Юморист Ф.Ж. представляет свои лимерики ("Хлопец вывез из Ватикана Статуй голого истукана..."), частушки ("Посадил мужик жену Передком на борону..."), стишки ("Фемина, не дышите на свечу, Не хлопайте глазами на поэта...") и афоризмы ("Дареному коню один раз отрежь"). Но вершина творчества, естественно, пресловутые переложения классиков на "феню". Правда, какой-то московский "филолух" к двухсотлетию Пушкина уже перегорбатил "Евгения Онегина" на молодежный сленг, о чем взахлеб рассказывала желтая пресса. Но чтобы превратить Онегина в "братка", нужен Фима Жиганец.
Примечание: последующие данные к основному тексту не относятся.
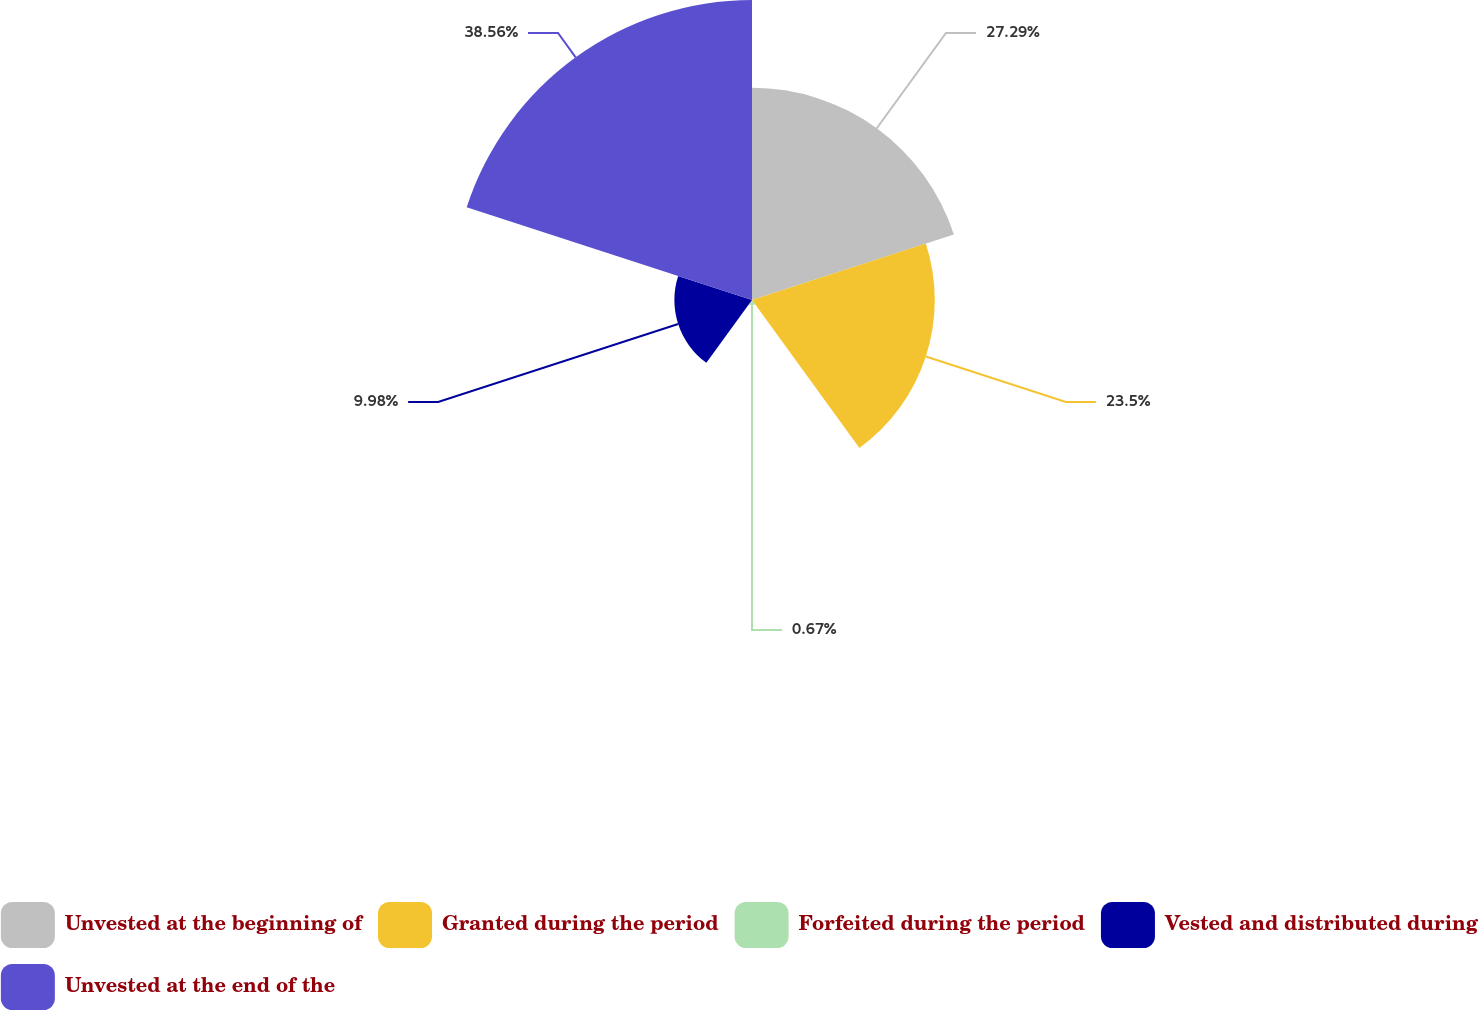Convert chart. <chart><loc_0><loc_0><loc_500><loc_500><pie_chart><fcel>Unvested at the beginning of<fcel>Granted during the period<fcel>Forfeited during the period<fcel>Vested and distributed during<fcel>Unvested at the end of the<nl><fcel>27.29%<fcel>23.5%<fcel>0.67%<fcel>9.98%<fcel>38.57%<nl></chart>

"Онегиным" он, впрочем, не ограничился. Тут тебе и "Не пой, красавица..." ("Не вой, красючка..."), и "Я вас любил..." ("Я с вас тащился..."), а также "Ксива от Танюхи". Досталось и Лермонтову, и Некрасову. Восторженный читатель найдет здесь "Прошмандовку Стрекозу" и монолог "Жужжать иль не жужжать". Параллельно для сравнения дается текст первоисточника. А вот это они зря. Активная криминализация страны ведет к полному отмиранию художественной литературы и замене ее суррогатными текстами. Так же как нормативный русский язык вытесняется ненормативной и суррогатной лексикой.

У Жиганца наверняка появятся последователи, с наслаждением извращающие русскую классику. Если сам не способен ничего путного написать, то изнохратить чужое — запросто. Тут ведь ума и таланта не треба. Что там у нас по программе? Гоголь? "Чуден Днепр"? Значит, так: "Классный Днепруха при клевой погоде, когда, понтуясь и выдрючиваясь, кантует свой мутняк. Редкий чижик-пыжик докандехает до центра, а если и докандехает, то сверзится и ласты склеит". Первый бал Наташи Ростовой станет оргией в духе маркиза де Сада; "Бородино" — бандитской разборкой.

И ведь не пропадет сей скорбный труд. Не только недоучки-школяры и солдатики с гауптвахты будут ржать и радоваться. Богемная тусовка, в соплях восторга открывшая на одном из столичных вокзалов памятник алкашу "Венечка Ерофеев", тоже приложится, можете не сомневаться. С их-то тягой к бандитскому блеску и всяким извращениям. Грустно как-то от этого веселья. И позорно.